Pull out of the data below the stretch of lines bounded by the one containing "Your answer should be compact. -8.96e+1." and the one containing "Offer a very short reply. -1.12e+1.", both bounds included, unchanged.

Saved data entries
··········
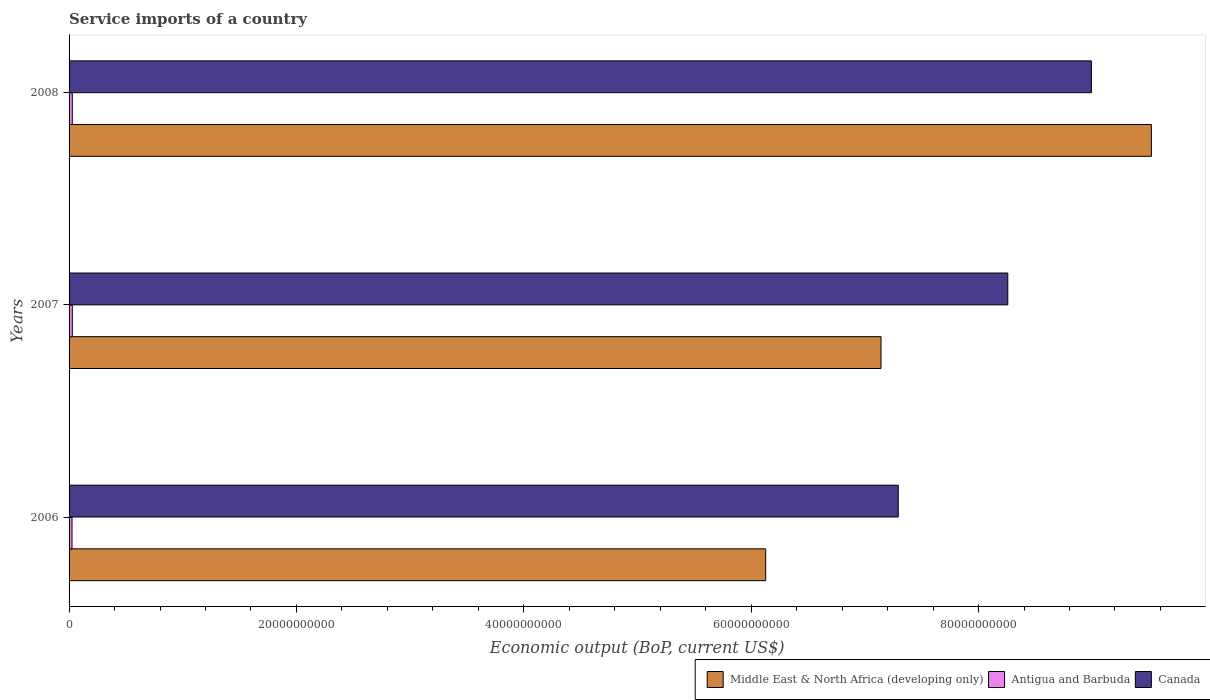How many different coloured bars are there?
Your answer should be very brief. 3. Are the number of bars on each tick of the Y-axis equal?
Offer a very short reply. Yes. How many bars are there on the 2nd tick from the top?
Keep it short and to the point. 3. What is the service imports in Antigua and Barbuda in 2008?
Offer a very short reply. 2.82e+08. Across all years, what is the maximum service imports in Canada?
Offer a very short reply. 8.99e+1. Across all years, what is the minimum service imports in Canada?
Provide a short and direct response. 7.29e+1. In which year was the service imports in Antigua and Barbuda maximum?
Offer a terse response. 2007. In which year was the service imports in Middle East & North Africa (developing only) minimum?
Make the answer very short. 2006. What is the total service imports in Canada in the graph?
Provide a short and direct response. 2.45e+11. What is the difference between the service imports in Middle East & North Africa (developing only) in 2006 and that in 2008?
Your answer should be very brief. -3.39e+1. What is the difference between the service imports in Middle East & North Africa (developing only) in 2006 and the service imports in Canada in 2007?
Ensure brevity in your answer.  -2.13e+1. What is the average service imports in Canada per year?
Your answer should be very brief. 8.18e+1. In the year 2006, what is the difference between the service imports in Antigua and Barbuda and service imports in Canada?
Keep it short and to the point. -7.27e+1. What is the ratio of the service imports in Canada in 2006 to that in 2007?
Your answer should be compact. 0.88. What is the difference between the highest and the second highest service imports in Middle East & North Africa (developing only)?
Provide a succinct answer. 2.38e+1. What is the difference between the highest and the lowest service imports in Middle East & North Africa (developing only)?
Your answer should be compact. 3.39e+1. In how many years, is the service imports in Canada greater than the average service imports in Canada taken over all years?
Your answer should be compact. 2. What does the 2nd bar from the top in 2007 represents?
Ensure brevity in your answer.  Antigua and Barbuda. What does the 1st bar from the bottom in 2006 represents?
Ensure brevity in your answer.  Middle East & North Africa (developing only). Is it the case that in every year, the sum of the service imports in Canada and service imports in Antigua and Barbuda is greater than the service imports in Middle East & North Africa (developing only)?
Provide a short and direct response. No. Are all the bars in the graph horizontal?
Offer a terse response. Yes. What is the difference between two consecutive major ticks on the X-axis?
Offer a terse response. 2.00e+1. Are the values on the major ticks of X-axis written in scientific E-notation?
Your answer should be very brief. No. Does the graph contain any zero values?
Offer a very short reply. No. Where does the legend appear in the graph?
Provide a succinct answer. Bottom right. How many legend labels are there?
Provide a succinct answer. 3. How are the legend labels stacked?
Your response must be concise. Horizontal. What is the title of the graph?
Your answer should be very brief. Service imports of a country. Does "Turkmenistan" appear as one of the legend labels in the graph?
Provide a succinct answer. No. What is the label or title of the X-axis?
Your answer should be compact. Economic output (BoP, current US$). What is the label or title of the Y-axis?
Give a very brief answer. Years. What is the Economic output (BoP, current US$) of Middle East & North Africa (developing only) in 2006?
Your response must be concise. 6.13e+1. What is the Economic output (BoP, current US$) in Antigua and Barbuda in 2006?
Your answer should be very brief. 2.59e+08. What is the Economic output (BoP, current US$) in Canada in 2006?
Provide a short and direct response. 7.29e+1. What is the Economic output (BoP, current US$) of Middle East & North Africa (developing only) in 2007?
Keep it short and to the point. 7.14e+1. What is the Economic output (BoP, current US$) of Antigua and Barbuda in 2007?
Give a very brief answer. 2.83e+08. What is the Economic output (BoP, current US$) in Canada in 2007?
Provide a short and direct response. 8.26e+1. What is the Economic output (BoP, current US$) of Middle East & North Africa (developing only) in 2008?
Provide a succinct answer. 9.52e+1. What is the Economic output (BoP, current US$) in Antigua and Barbuda in 2008?
Your answer should be compact. 2.82e+08. What is the Economic output (BoP, current US$) of Canada in 2008?
Your answer should be very brief. 8.99e+1. Across all years, what is the maximum Economic output (BoP, current US$) in Middle East & North Africa (developing only)?
Provide a short and direct response. 9.52e+1. Across all years, what is the maximum Economic output (BoP, current US$) in Antigua and Barbuda?
Provide a short and direct response. 2.83e+08. Across all years, what is the maximum Economic output (BoP, current US$) in Canada?
Provide a short and direct response. 8.99e+1. Across all years, what is the minimum Economic output (BoP, current US$) in Middle East & North Africa (developing only)?
Provide a short and direct response. 6.13e+1. Across all years, what is the minimum Economic output (BoP, current US$) in Antigua and Barbuda?
Ensure brevity in your answer.  2.59e+08. Across all years, what is the minimum Economic output (BoP, current US$) of Canada?
Your answer should be compact. 7.29e+1. What is the total Economic output (BoP, current US$) of Middle East & North Africa (developing only) in the graph?
Keep it short and to the point. 2.28e+11. What is the total Economic output (BoP, current US$) of Antigua and Barbuda in the graph?
Give a very brief answer. 8.24e+08. What is the total Economic output (BoP, current US$) of Canada in the graph?
Offer a very short reply. 2.45e+11. What is the difference between the Economic output (BoP, current US$) of Middle East & North Africa (developing only) in 2006 and that in 2007?
Keep it short and to the point. -1.01e+1. What is the difference between the Economic output (BoP, current US$) in Antigua and Barbuda in 2006 and that in 2007?
Offer a terse response. -2.48e+07. What is the difference between the Economic output (BoP, current US$) of Canada in 2006 and that in 2007?
Give a very brief answer. -9.63e+09. What is the difference between the Economic output (BoP, current US$) in Middle East & North Africa (developing only) in 2006 and that in 2008?
Make the answer very short. -3.39e+1. What is the difference between the Economic output (BoP, current US$) of Antigua and Barbuda in 2006 and that in 2008?
Offer a very short reply. -2.36e+07. What is the difference between the Economic output (BoP, current US$) of Canada in 2006 and that in 2008?
Give a very brief answer. -1.70e+1. What is the difference between the Economic output (BoP, current US$) in Middle East & North Africa (developing only) in 2007 and that in 2008?
Give a very brief answer. -2.38e+1. What is the difference between the Economic output (BoP, current US$) in Antigua and Barbuda in 2007 and that in 2008?
Provide a short and direct response. 1.14e+06. What is the difference between the Economic output (BoP, current US$) of Canada in 2007 and that in 2008?
Your answer should be compact. -7.35e+09. What is the difference between the Economic output (BoP, current US$) in Middle East & North Africa (developing only) in 2006 and the Economic output (BoP, current US$) in Antigua and Barbuda in 2007?
Offer a terse response. 6.10e+1. What is the difference between the Economic output (BoP, current US$) in Middle East & North Africa (developing only) in 2006 and the Economic output (BoP, current US$) in Canada in 2007?
Offer a terse response. -2.13e+1. What is the difference between the Economic output (BoP, current US$) in Antigua and Barbuda in 2006 and the Economic output (BoP, current US$) in Canada in 2007?
Your answer should be compact. -8.23e+1. What is the difference between the Economic output (BoP, current US$) of Middle East & North Africa (developing only) in 2006 and the Economic output (BoP, current US$) of Antigua and Barbuda in 2008?
Your response must be concise. 6.10e+1. What is the difference between the Economic output (BoP, current US$) of Middle East & North Africa (developing only) in 2006 and the Economic output (BoP, current US$) of Canada in 2008?
Provide a short and direct response. -2.87e+1. What is the difference between the Economic output (BoP, current US$) in Antigua and Barbuda in 2006 and the Economic output (BoP, current US$) in Canada in 2008?
Ensure brevity in your answer.  -8.97e+1. What is the difference between the Economic output (BoP, current US$) in Middle East & North Africa (developing only) in 2007 and the Economic output (BoP, current US$) in Antigua and Barbuda in 2008?
Provide a succinct answer. 7.11e+1. What is the difference between the Economic output (BoP, current US$) of Middle East & North Africa (developing only) in 2007 and the Economic output (BoP, current US$) of Canada in 2008?
Provide a succinct answer. -1.85e+1. What is the difference between the Economic output (BoP, current US$) of Antigua and Barbuda in 2007 and the Economic output (BoP, current US$) of Canada in 2008?
Your answer should be compact. -8.96e+1. What is the average Economic output (BoP, current US$) in Middle East & North Africa (developing only) per year?
Offer a terse response. 7.60e+1. What is the average Economic output (BoP, current US$) in Antigua and Barbuda per year?
Your answer should be compact. 2.75e+08. What is the average Economic output (BoP, current US$) in Canada per year?
Your response must be concise. 8.18e+1. In the year 2006, what is the difference between the Economic output (BoP, current US$) in Middle East & North Africa (developing only) and Economic output (BoP, current US$) in Antigua and Barbuda?
Keep it short and to the point. 6.10e+1. In the year 2006, what is the difference between the Economic output (BoP, current US$) in Middle East & North Africa (developing only) and Economic output (BoP, current US$) in Canada?
Offer a terse response. -1.17e+1. In the year 2006, what is the difference between the Economic output (BoP, current US$) of Antigua and Barbuda and Economic output (BoP, current US$) of Canada?
Offer a very short reply. -7.27e+1. In the year 2007, what is the difference between the Economic output (BoP, current US$) of Middle East & North Africa (developing only) and Economic output (BoP, current US$) of Antigua and Barbuda?
Provide a succinct answer. 7.11e+1. In the year 2007, what is the difference between the Economic output (BoP, current US$) of Middle East & North Africa (developing only) and Economic output (BoP, current US$) of Canada?
Offer a very short reply. -1.12e+1. In the year 2007, what is the difference between the Economic output (BoP, current US$) in Antigua and Barbuda and Economic output (BoP, current US$) in Canada?
Offer a terse response. -8.23e+1. In the year 2008, what is the difference between the Economic output (BoP, current US$) of Middle East & North Africa (developing only) and Economic output (BoP, current US$) of Antigua and Barbuda?
Make the answer very short. 9.49e+1. In the year 2008, what is the difference between the Economic output (BoP, current US$) of Middle East & North Africa (developing only) and Economic output (BoP, current US$) of Canada?
Offer a terse response. 5.28e+09. In the year 2008, what is the difference between the Economic output (BoP, current US$) in Antigua and Barbuda and Economic output (BoP, current US$) in Canada?
Offer a terse response. -8.96e+1. What is the ratio of the Economic output (BoP, current US$) of Middle East & North Africa (developing only) in 2006 to that in 2007?
Your answer should be compact. 0.86. What is the ratio of the Economic output (BoP, current US$) in Antigua and Barbuda in 2006 to that in 2007?
Keep it short and to the point. 0.91. What is the ratio of the Economic output (BoP, current US$) of Canada in 2006 to that in 2007?
Ensure brevity in your answer.  0.88. What is the ratio of the Economic output (BoP, current US$) in Middle East & North Africa (developing only) in 2006 to that in 2008?
Provide a short and direct response. 0.64. What is the ratio of the Economic output (BoP, current US$) of Antigua and Barbuda in 2006 to that in 2008?
Your answer should be compact. 0.92. What is the ratio of the Economic output (BoP, current US$) of Canada in 2006 to that in 2008?
Offer a very short reply. 0.81. What is the ratio of the Economic output (BoP, current US$) of Middle East & North Africa (developing only) in 2007 to that in 2008?
Make the answer very short. 0.75. What is the ratio of the Economic output (BoP, current US$) of Antigua and Barbuda in 2007 to that in 2008?
Keep it short and to the point. 1. What is the ratio of the Economic output (BoP, current US$) in Canada in 2007 to that in 2008?
Provide a short and direct response. 0.92. What is the difference between the highest and the second highest Economic output (BoP, current US$) of Middle East & North Africa (developing only)?
Offer a terse response. 2.38e+1. What is the difference between the highest and the second highest Economic output (BoP, current US$) of Antigua and Barbuda?
Offer a terse response. 1.14e+06. What is the difference between the highest and the second highest Economic output (BoP, current US$) in Canada?
Make the answer very short. 7.35e+09. What is the difference between the highest and the lowest Economic output (BoP, current US$) in Middle East & North Africa (developing only)?
Give a very brief answer. 3.39e+1. What is the difference between the highest and the lowest Economic output (BoP, current US$) of Antigua and Barbuda?
Your response must be concise. 2.48e+07. What is the difference between the highest and the lowest Economic output (BoP, current US$) in Canada?
Give a very brief answer. 1.70e+1.
··········
# The answer:
Your answer should be compact. -8.96e+1. What is the average Economic output (BoP, current US$) in Middle East & North Africa (developing only) per year?
Offer a terse response. 7.60e+1. What is the average Economic output (BoP, current US$) in Antigua and Barbuda per year?
Your answer should be compact. 2.75e+08. What is the average Economic output (BoP, current US$) in Canada per year?
Your response must be concise. 8.18e+1. In the year 2006, what is the difference between the Economic output (BoP, current US$) in Middle East & North Africa (developing only) and Economic output (BoP, current US$) in Antigua and Barbuda?
Keep it short and to the point. 6.10e+1. In the year 2006, what is the difference between the Economic output (BoP, current US$) in Middle East & North Africa (developing only) and Economic output (BoP, current US$) in Canada?
Offer a terse response. -1.17e+1. In the year 2006, what is the difference between the Economic output (BoP, current US$) of Antigua and Barbuda and Economic output (BoP, current US$) of Canada?
Offer a very short reply. -7.27e+1. In the year 2007, what is the difference between the Economic output (BoP, current US$) of Middle East & North Africa (developing only) and Economic output (BoP, current US$) of Antigua and Barbuda?
Provide a succinct answer. 7.11e+1. In the year 2007, what is the difference between the Economic output (BoP, current US$) of Middle East & North Africa (developing only) and Economic output (BoP, current US$) of Canada?
Offer a very short reply. -1.12e+1. In the year 2007, what is the difference between the Economic output (BoP, current US$) in Antigua and Barbuda and Economic output (BoP, current US$) in Canada?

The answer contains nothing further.